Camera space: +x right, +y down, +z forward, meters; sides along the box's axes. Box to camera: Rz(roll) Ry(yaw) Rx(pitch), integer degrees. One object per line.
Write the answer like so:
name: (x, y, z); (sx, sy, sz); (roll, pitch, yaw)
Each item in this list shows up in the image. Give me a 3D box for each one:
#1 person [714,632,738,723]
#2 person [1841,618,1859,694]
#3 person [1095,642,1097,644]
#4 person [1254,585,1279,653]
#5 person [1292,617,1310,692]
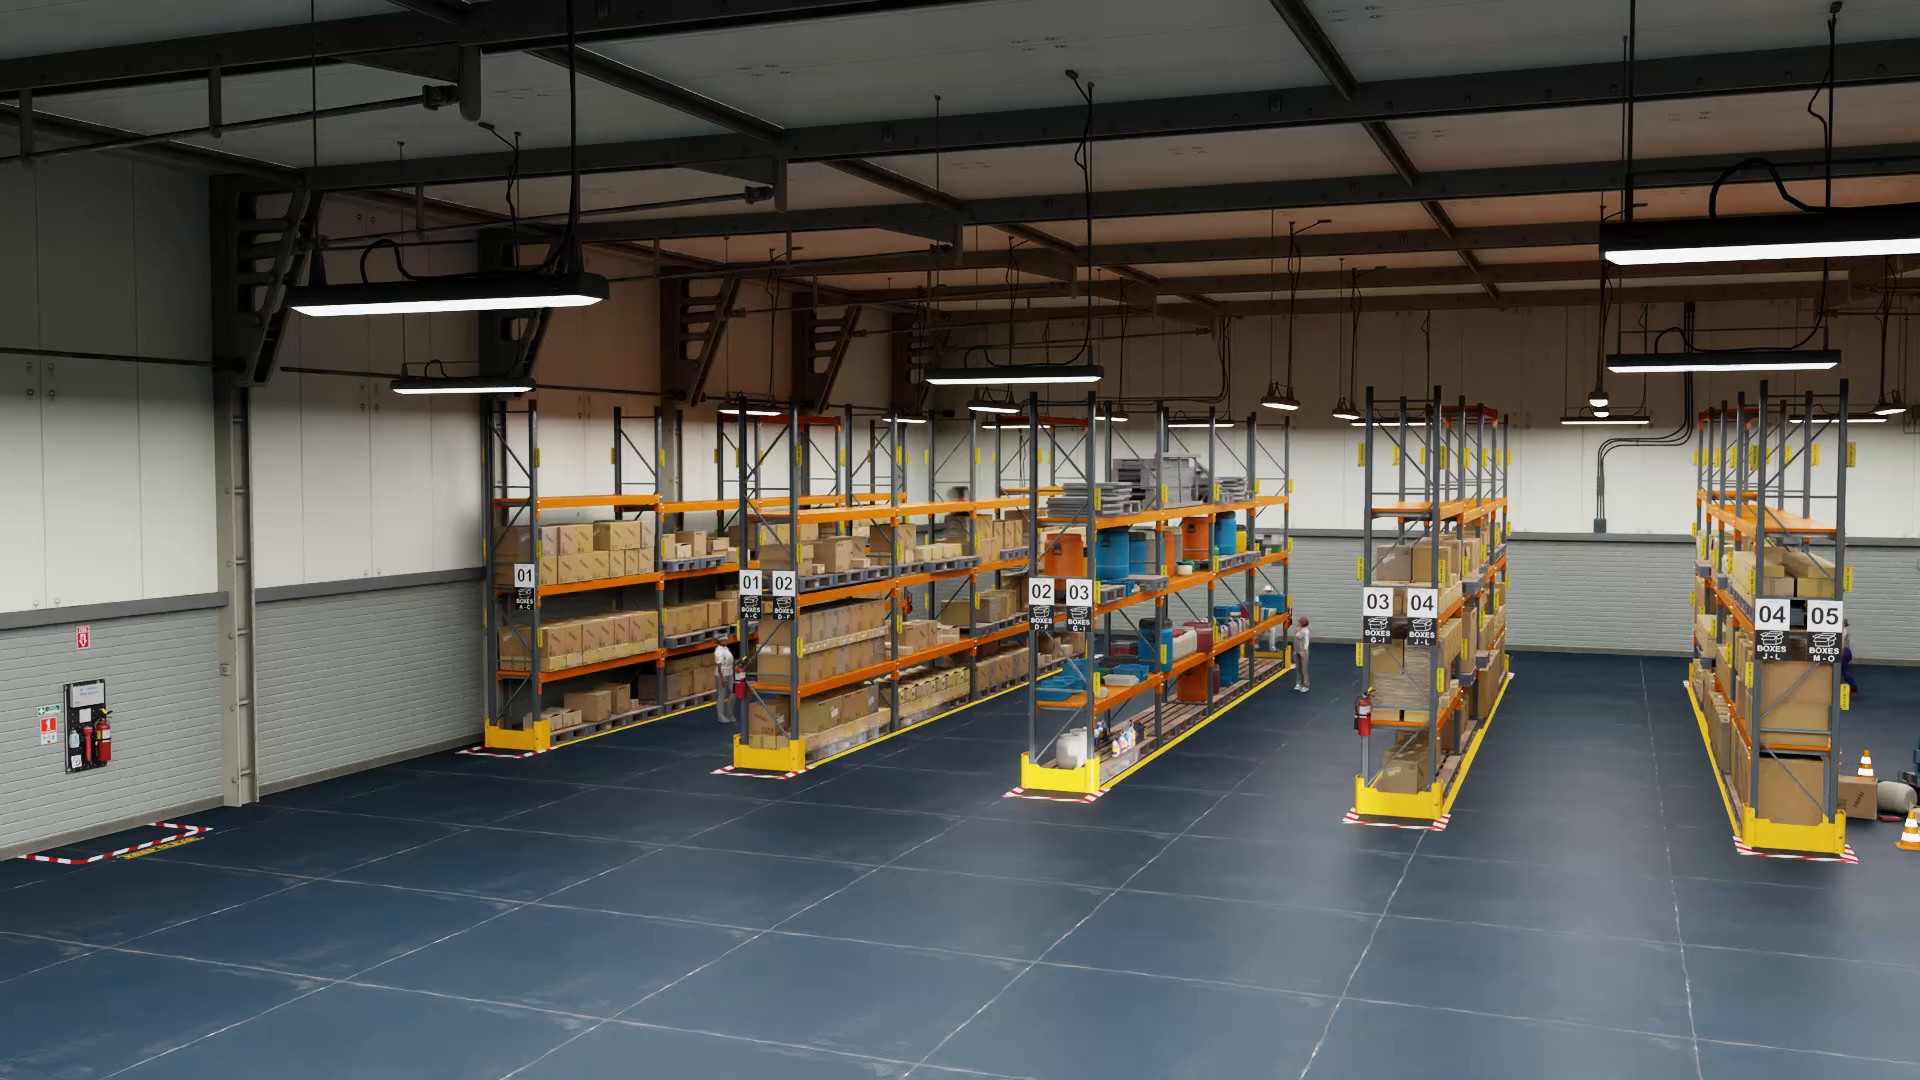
person: (-4.469, 2.628, 31.564); (0.383, 1.748, 0.472); (2, 3, 31)
person: (18.637, 2.448, 35.257); (0.558, 1.588, 0.960); (-2, 3, -32)
person: (3.377, 1.992, 44.849); (0.601, 1.684, 0.431); (-1, 3, -19)
person: (7.940, 2.037, 42.878); (0.672, 1.729, 1.036); (-1, 3, -12)
person: (7.353, 2.450, 35.746); (0.383, 1.612, 0.427); (-2, 4, -37)
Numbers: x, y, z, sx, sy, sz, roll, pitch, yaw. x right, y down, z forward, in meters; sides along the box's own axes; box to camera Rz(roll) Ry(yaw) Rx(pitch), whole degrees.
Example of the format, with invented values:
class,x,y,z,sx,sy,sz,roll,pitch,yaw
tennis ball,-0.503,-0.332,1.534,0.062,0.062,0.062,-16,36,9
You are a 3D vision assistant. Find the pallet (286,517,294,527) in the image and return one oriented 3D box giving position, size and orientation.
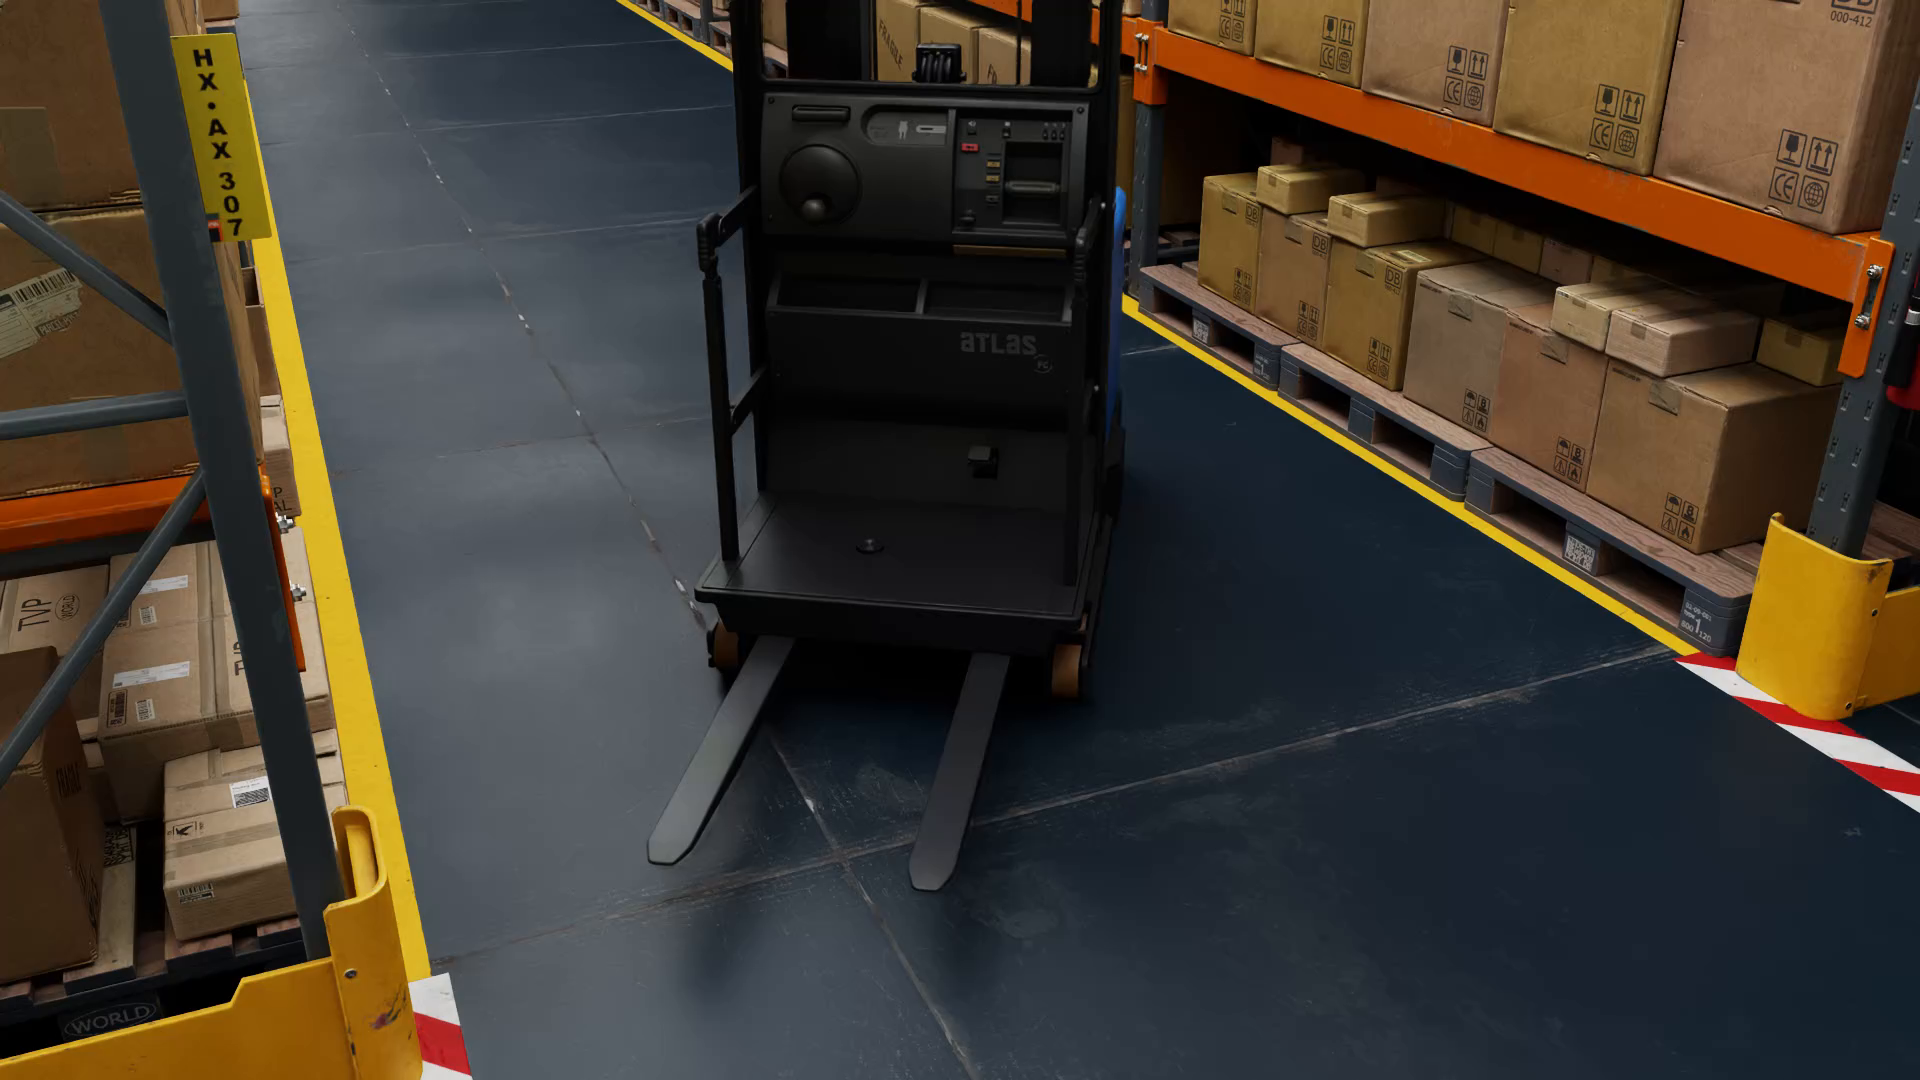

______________________________

● Exercise instructions:
State the number of lines above that include the word "roll", and write nothing besides that number.

● Answer space:
4